National Archives releases Watergate ‘road map,’ a possible template for Mueller

After 44 years, anyone can read the document that led to the impeachment of President Richard Nixon.

The National Archives released Wednesday the long-sealed “road map” report that was sent to the House Judiciary Committee containing the evidence against President Nixon.

The “Sirica road map,” named for then-Chief Judge John J. Sirica of the D.C. District Court, who approved the creation of the findings and the sending of them to lawmakers, was first filed under seal from the public 44 years ago. Prosecutor Leon Jaworski sent the report with the findings to Congress, which provided evidence concerning Nixon’s associates breaking into Democratic National Committee offices and the cover-up thereafter that became known as the Watergate scandal.

Four petitions were filed requesting the document be made public, because petitioners say the document could offer special counsel Robert Mueller guidance as to whether or not make his findings in the Russia election meddling investigation public.

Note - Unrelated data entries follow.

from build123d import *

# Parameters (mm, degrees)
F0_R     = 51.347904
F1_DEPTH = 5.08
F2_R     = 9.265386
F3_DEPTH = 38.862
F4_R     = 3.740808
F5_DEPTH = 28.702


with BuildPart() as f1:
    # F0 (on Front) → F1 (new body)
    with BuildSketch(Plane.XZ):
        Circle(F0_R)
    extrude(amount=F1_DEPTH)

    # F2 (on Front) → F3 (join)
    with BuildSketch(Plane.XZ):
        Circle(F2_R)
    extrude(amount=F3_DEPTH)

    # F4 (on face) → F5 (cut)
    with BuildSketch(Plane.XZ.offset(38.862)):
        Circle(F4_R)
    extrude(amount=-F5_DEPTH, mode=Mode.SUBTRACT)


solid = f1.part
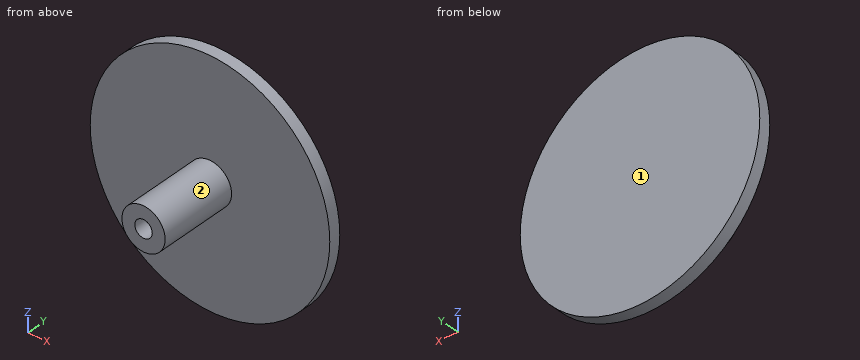
Source: CAD feature listing. Evaluate the final solid. Frame: model axes, mm. Face numbers are marked on the shaded views. A direction names the side the tool comes from. Give positions to 0.01 mm unless a question says otherwise; leave off trailing zeros. Write each loop counter-clockwise with the first axis right and the second up, starting at its lowest first coordinate (ties: lowest second). Pieces come first, ordered by that corner, then holes. Notation, with made-up numbers: M -13,9 L 24,9 A17 ccw 24,27 Z; hole C 81,22 d6. An arc over 180 degrees is marked long. Return JSON: item names as keys, results as strings. Group by question number.
1) Material intervals for line 1 along Z through (x, y) = (0, -28); line 2 along Y through (x, z) = (-17.5, -1); line 3 along Z through (x, y) = (41, -2.5), sorted ascending. Write a range as [from, to].
2) Set-up query: the marked faces 1 and 2. Return all of +Z, -Z, +X, -X, +Y, -Y with unobstructed straight access to the full face (end or side cutting, diameter ignored); none if empty.
3) Cut plane A-A, the plane z = 0. Output: boundary loops of the cut face in (x, y), plus the area to 3 significant figures.
4) Cut plane C-C, the plane y = -12.5. Output: boundary loops of the cut face in (x, z).
5) Cut plane D-D, the plane x = 32. Output: boundary loops of the cut face in (y, z), plus the area to 3 significant figures.
6) Cut plane B-B, the plane x = 0. Output: boundary loops of the cut face in (y, z), plus the area to 3 significant figures.
7) Pin query (flat end, axial travel): P1, Ø8, axis at y = -10.5, z = 19.5, coming from the -X side; P2, Ø12, axis at y = -6, z = 26, coming from the -X side; P3, Ø4, axis at x = -8.5, z = -37.5, coming from the -Y side; P4, Ø5, axis at x = 8, y = -18, coming from the +Z side. Return the tip coordinate at first contact, or that it passes through.
Recorded:
{
 "1": {"line 1": "z = [-9.27, -3.74], [3.74, 9.27]", "line 2": "y = [-5.08, 0]", "line 3": "z = [-30.91, 30.91]"},
 "2": {"face 1": "+Z, -Z, +X, -X, +Y", "face 2": "-Y"},
 "3": {"outline": "M -51.35,-5.08 L -9.27,-5.08 L -9.27,-38.86 L -3.74,-38.86 L -3.74,-10.16 L 3.74,-10.16 L 3.74,-38.86 L 9.27,-38.86 L 9.27,-5.08 L 51.35,-5.08 L 51.35,0 L -51.35,0 Z", "area": "933 mm²"},
 "4": {"outline": "C 0,0 d18.53; hole C 0,0 d7.48"},
 "5": {"outline": "M -5.08,-40.16 L 0,-40.16 L 0,40.16 L -5.08,40.16 Z", "area": "408 mm²"},
 "6": {"outline": "M -38.86,-9.27 L -5.08,-9.27 L -5.08,-51.35 L 0,-51.35 L 0,51.35 L -5.08,51.35 L -5.08,9.27 L -38.86,9.27 L -38.86,3.74 L -10.16,3.74 L -10.16,-3.74 L -38.86,-3.74 Z", "area": "933 mm²"},
 "7": {"P1": "passes through", "P2": "stops at x = -47.26", "P3": "stops at y = -5.08", "P4": "stops at z = 7.46"}
}
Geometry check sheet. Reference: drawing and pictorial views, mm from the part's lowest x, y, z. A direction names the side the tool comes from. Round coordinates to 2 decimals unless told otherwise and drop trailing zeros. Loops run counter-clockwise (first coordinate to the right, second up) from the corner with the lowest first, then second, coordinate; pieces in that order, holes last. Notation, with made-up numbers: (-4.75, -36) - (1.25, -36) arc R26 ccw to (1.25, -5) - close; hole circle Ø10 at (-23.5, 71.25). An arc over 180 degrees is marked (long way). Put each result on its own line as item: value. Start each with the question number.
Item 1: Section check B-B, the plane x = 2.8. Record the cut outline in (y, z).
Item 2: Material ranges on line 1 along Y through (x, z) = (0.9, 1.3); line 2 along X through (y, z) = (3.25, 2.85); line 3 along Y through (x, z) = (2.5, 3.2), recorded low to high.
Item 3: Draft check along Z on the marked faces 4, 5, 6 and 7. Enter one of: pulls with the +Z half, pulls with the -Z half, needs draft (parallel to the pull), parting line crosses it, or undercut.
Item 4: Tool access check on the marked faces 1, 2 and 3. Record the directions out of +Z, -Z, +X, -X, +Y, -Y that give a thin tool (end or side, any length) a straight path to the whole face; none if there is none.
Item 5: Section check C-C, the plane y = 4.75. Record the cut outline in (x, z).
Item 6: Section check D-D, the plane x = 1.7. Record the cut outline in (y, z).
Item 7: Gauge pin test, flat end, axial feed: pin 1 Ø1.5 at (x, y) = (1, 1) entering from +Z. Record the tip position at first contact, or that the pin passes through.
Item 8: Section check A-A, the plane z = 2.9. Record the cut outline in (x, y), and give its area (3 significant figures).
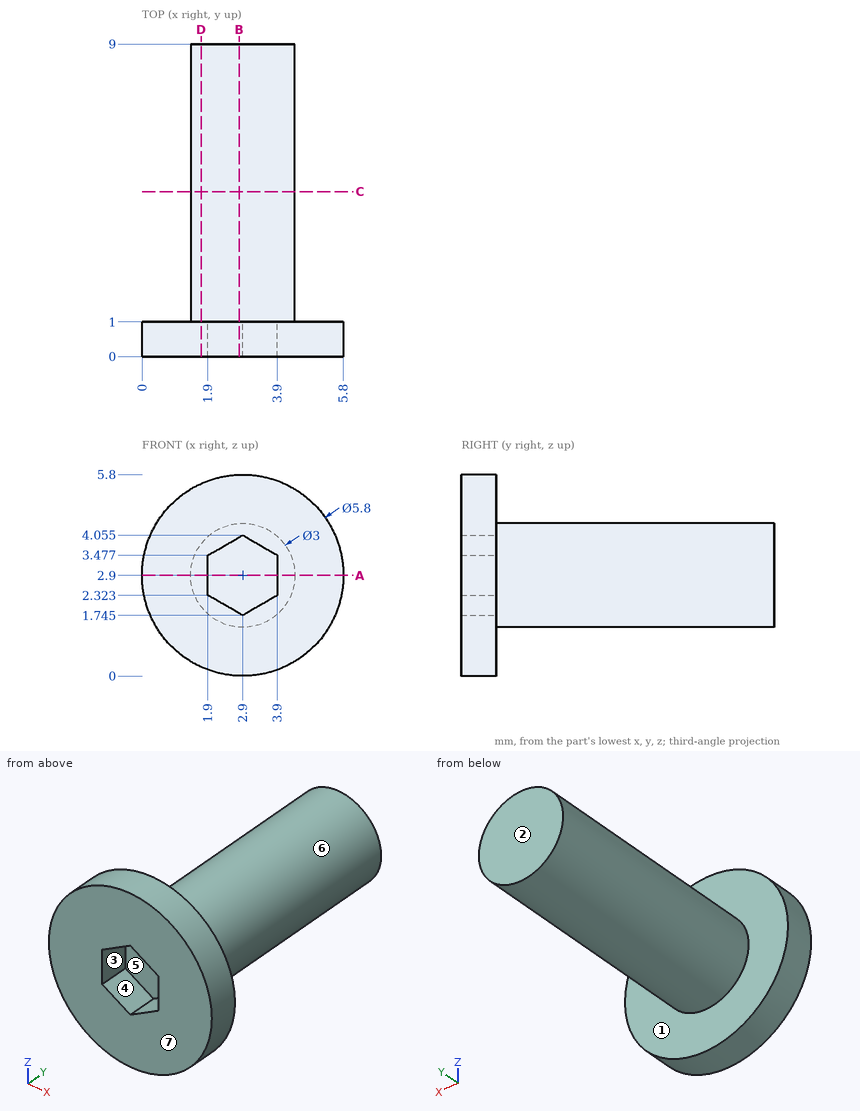
Check result:
1. outline: (0, 0) - (1, 0) - (1, 1.4) - (9, 1.4) - (9, 4.4) - (1, 4.4) - (1, 5.8) - (0, 5.8) - (0, 4) - (1, 4) - (1, 1.8) - (0, 1.8) - close
2. line 1: 0 to 1
2. line 2: 1.4 to 4.4
2. line 3: 1 to 9
3. face 4: undercut
3. face 5: undercut
3. face 6: parting line crosses it
3. face 7: needs draft
4. face 1: +Y
4. face 2: +Z, -Z, +X, -X, +Y
4. face 3: -Y
5. outline: circle Ø3 at (2.9, 2.9)
6. outline: (0, 0.26) - (1, 0.26) - (1, 2) - (9, 2) - (9, 3.8) - (1, 3.8) - (1, 5.54) - (0, 5.54) - close
7. pin 1: z = 5.56
8. outline: (0, 0) - (1.9, 0) - (1.9, 1) - (3.9, 1) - (3.9, 0) - (5.8, 0) - (5.8, 1) - (4.4, 1) - (4.4, 9) - (1.4, 9) - (1.4, 1) - (0, 1) - close
8. area: 27.8 mm²
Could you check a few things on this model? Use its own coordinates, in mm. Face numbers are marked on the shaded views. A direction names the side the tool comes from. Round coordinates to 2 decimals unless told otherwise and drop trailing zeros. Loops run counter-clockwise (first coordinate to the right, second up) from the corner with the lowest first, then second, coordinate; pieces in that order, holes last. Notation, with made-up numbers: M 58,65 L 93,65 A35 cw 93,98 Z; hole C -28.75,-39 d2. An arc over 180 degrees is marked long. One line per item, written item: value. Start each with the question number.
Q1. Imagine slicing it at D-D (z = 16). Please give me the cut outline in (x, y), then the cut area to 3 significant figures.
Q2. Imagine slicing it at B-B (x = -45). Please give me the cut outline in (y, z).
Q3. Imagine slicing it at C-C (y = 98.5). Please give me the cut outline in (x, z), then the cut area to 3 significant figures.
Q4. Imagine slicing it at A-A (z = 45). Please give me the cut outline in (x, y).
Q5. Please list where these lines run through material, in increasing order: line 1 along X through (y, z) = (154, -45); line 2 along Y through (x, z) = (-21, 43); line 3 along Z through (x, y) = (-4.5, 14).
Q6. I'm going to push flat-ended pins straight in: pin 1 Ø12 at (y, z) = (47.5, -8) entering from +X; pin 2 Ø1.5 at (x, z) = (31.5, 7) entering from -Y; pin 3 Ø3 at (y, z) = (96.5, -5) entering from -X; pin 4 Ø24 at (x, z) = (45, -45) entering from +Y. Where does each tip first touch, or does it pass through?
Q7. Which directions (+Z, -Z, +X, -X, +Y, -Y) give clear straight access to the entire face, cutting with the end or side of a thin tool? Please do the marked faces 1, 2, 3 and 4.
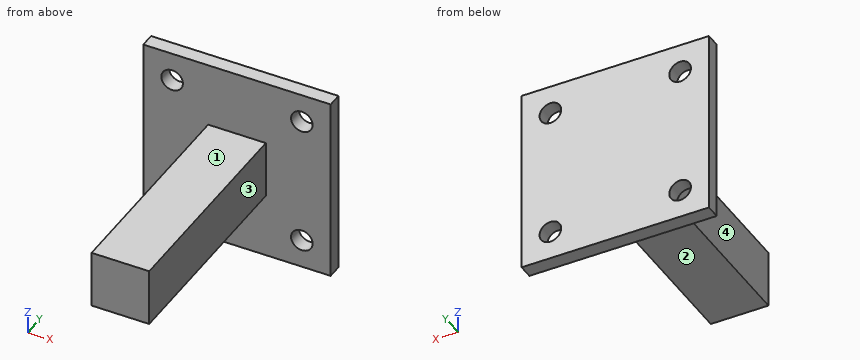
from build123d import *

# Parameters (mm, degrees)
SKETCH1_W           = 40
SKETCH1_H           = 40
BOSS_EXTRUDE1_DEPTH = 150
SKETCH2_W           = 130
SKETCH2_H           = 130
SKETCH2_R           = 7.5
BOSS_EXTRUDE2_DEPTH = 10


with BuildPart() as part:
    # Sketch1 → Boss-Extrude1 (new body)
    with BuildSketch(Plane(origin=(0, 0, 0), x_dir=(1, 0, 0), z_dir=(0, 1, 0))):
        Rectangle(SKETCH1_W, SKETCH1_H)
    extrude(amount=BOSS_EXTRUDE1_DEPTH)

    # Sketch2 → Boss-Extrude2 (add)
    with BuildSketch(Plane(origin=(0, 150, 0), x_dir=(1, 0, 0), z_dir=(0, 1, 0))):
        Rectangle(SKETCH2_W, SKETCH2_H)
        with Locations(Location((-45, -45, 0), (0, 0, 270))):
            Circle(SKETCH2_R, mode=Mode.SUBTRACT)
        with Locations(Location((45, -45, 0), (0, 0, 270))):
            Circle(SKETCH2_R, mode=Mode.SUBTRACT)
        with Locations(Location((45, 45, 0), (0, 0, 270))):
            Circle(SKETCH2_R, mode=Mode.SUBTRACT)
        with Locations(Location((-45, 45, 0), (0, 0, 270))):
            Circle(SKETCH2_R, mode=Mode.SUBTRACT)
    extrude(amount=BOSS_EXTRUDE2_DEPTH)


solid = part.part
Report:
1. outline: M -65,150 L -20,150 L -20,0 L 20,0 L 20,150 L 65,150 L 65,160 L -65,160 Z
1. area: 7,300 mm²
2. outline: M 150,-65 L 160,-65 L 160,-52.5 L 150,-52.5 Z; M 150,-37.5 L 160,-37.5 L 160,37.5 L 150,37.5 Z; M 150,52.5 L 160,52.5 L 160,65 L 150,65 Z
3. outline: M -20,-20 L 20,-20 L 20,20 L -20,20 Z
3. area: 1,600 mm²
4. outline: M -65,150 L -52.5,150 L -52.5,160 L -65,160 Z; M -37.5,150 L 37.5,150 L 37.5,160 L -37.5,160 Z; M 52.5,150 L 65,150 L 65,160 L 52.5,160 Z
5. line 1: x = -65 to -52.5, -37.5 to 37.5, 52.5 to 65
5. line 2: y = 150 to 160
5. line 3: z = -20 to 20
6. pin 1: stops at x = 20
6. pin 2: stops at y = 150
6. pin 3: stops at x = -20
6. pin 4: stops at y = 160
7. face 1: +Z, +X, -X, -Y
7. face 2: -Z, +X, -X, -Y
7. face 3: +Z, -Z, +X, -Y
7. face 4: +Z, -Z, -X, -Y
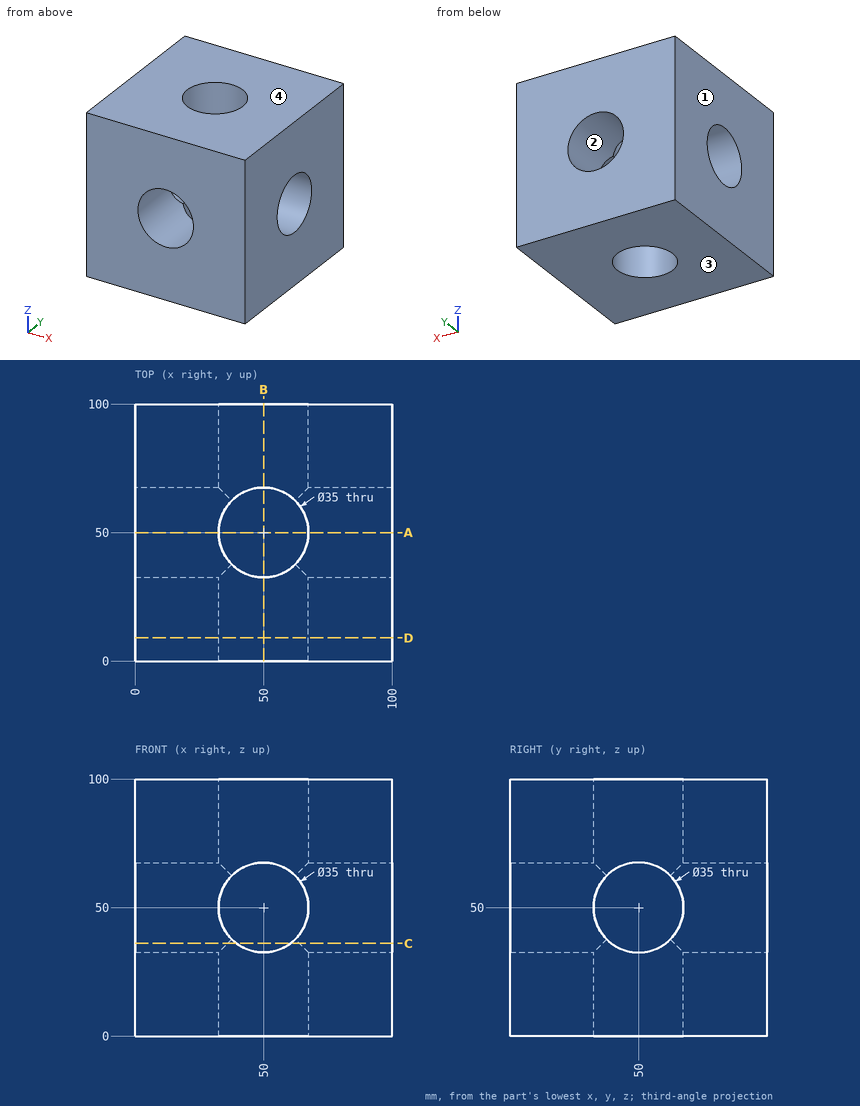
Could you check a few things on this drawing? It's one solid part, dimensions in mm from its lowest x, y, z. Give positions to 0.01 mm unless a question says otherwise; leave off trailing zeros. Order: outer loops, then holes, each group sorted by start corner. A loop starts at its lowest first (then second) coordinate and runs counter-clockwise, first axis right, second up. Notation, with made-up numbers: (36, 76.25) - (46, 76.25) arc R20 cw to (46, 87.25) - close; hole circle Ø6 at (-7.75, 72). An arc over 180 degrees is marked (long way). One line per question, with ' | ' between items. Start each with the question number.
Item 1: I want a section at D-D on y = 9. Write out the boundary of the cut face in (x, z), then the cut area to 3 significant figures.
Item 2: I need wall thicknesses on probe 1 along X at (y, z) = (50, 8). Which ranges of the line are inside material? Lowest first, please. Write a range as [from, to].
Item 3: Thinking about a two-plate mould opening in Z: for the marked faces 1, 2, 3 and 4, which applies, pulls with the +Z half, pulls with the -Z half, needs draft (parallel to the pull), parting line crosses it, or undercut?
Item 4: I want a section at A-A on y = 50. Write out the boundary of the cut face in (x, z).
Item 5: I'm going to push flat-ended pins straight in: pin 1 Ø1 at (x, y) = (87, 61.5) entering from -Z; pin 2 Ø21 at (y, z) = (50, 50) entering from +X. Where does each tip first touch, or does it pass through?
Item 6: I want a section at C-C on z = 36. Write out the boundary of the cut face in (x, y).
Verdict:
1) outline: (0, 0) - (100, 0) - (100, 100) - (0, 100) - close; hole circle Ø35 at (50, 50) | area: 9,040 mm^2
2) probe 1: [0, 32.5], [67.5, 100]
3) face 1: needs draft | face 2: undercut | face 3: pulls with the -Z half | face 4: pulls with the +Z half
4) outline: (0, 0) - (32.5, 0) - (32.5, 32.5) - (0, 32.5) - close; (0, 67.5) - (32.5, 67.5) - (32.5, 100) - (0, 100) - close; (67.5, 0) - (100, 0) - (100, 32.5) - (67.5, 32.5) - close; (67.5, 67.5) - (100, 67.5) - (100, 100) - (67.5, 100) - close
5) pin 1: z = 0 | pin 2: through
6) outline: (0, 0) - (39.5, 0) - (39.5, 36) arc R17.5 cw to (36, 39.5) - (0, 39.5) - close; (0, 60.5) - (36, 60.5) arc R17.5 cw to (39.5, 64) - (39.5, 100) - (0, 100) - close; (60.5, 0) - (100, 0) - (100, 39.5) - (64, 39.5) arc R17.5 cw to (60.5, 36) - close; (60.5, 64) arc R17.5 cw to (64, 60.5) - (100, 60.5) - (100, 100) - (60.5, 100) - close

There are historic parallels, the petitioners say, to the current probe.

Deana El-Mallawany, the attorney for one of the groups that that filed suit to petition for the Watergate document’s release, said “the road map is a critical historical precedent for ensuring that the facts uncovered in special counsel Mueller’s investigation become public and serve as the basis for whatever accountability is necessary. Our democracy depends on it.”

The report is a two-page summary describing the allegations against Nixon and his associates, followed by 53 numbered statements and 97 supporting documents including interviews and tapes. The substance of the report has been public for many years, but how it was conducted was under seal. Chief Judge Beryl A. Howell of the D.C. District Court ordered the National Archives and Records Administration to release the report with limited redactions.

Stephen Bates, a Las Vegas professor who co-wrote the Kenneth Starr report concerning President Bill Clinton’s impeachment, tried to study the report when he was the prosecutor in 1997, but the National Archives told him it was not publicly available.

Bates said the report sets a precedent for how to conduct investigations, which go through the House of Representatives, in an interview to the Washington Post.

“If Mueller could say, ‘We have structured this report the way Leon Jaworski did in 1974, and Judge Sirica approved it,’ that might be persuasive in this case,” he said.

Jaworski wrote in his 1976 memoir, “There were no comments, no interpretations and not a word or phrase of accusatory nature. The ‘road map’ was simply that—a series of guideposts if the House Judiciary Committee wished to follow them.”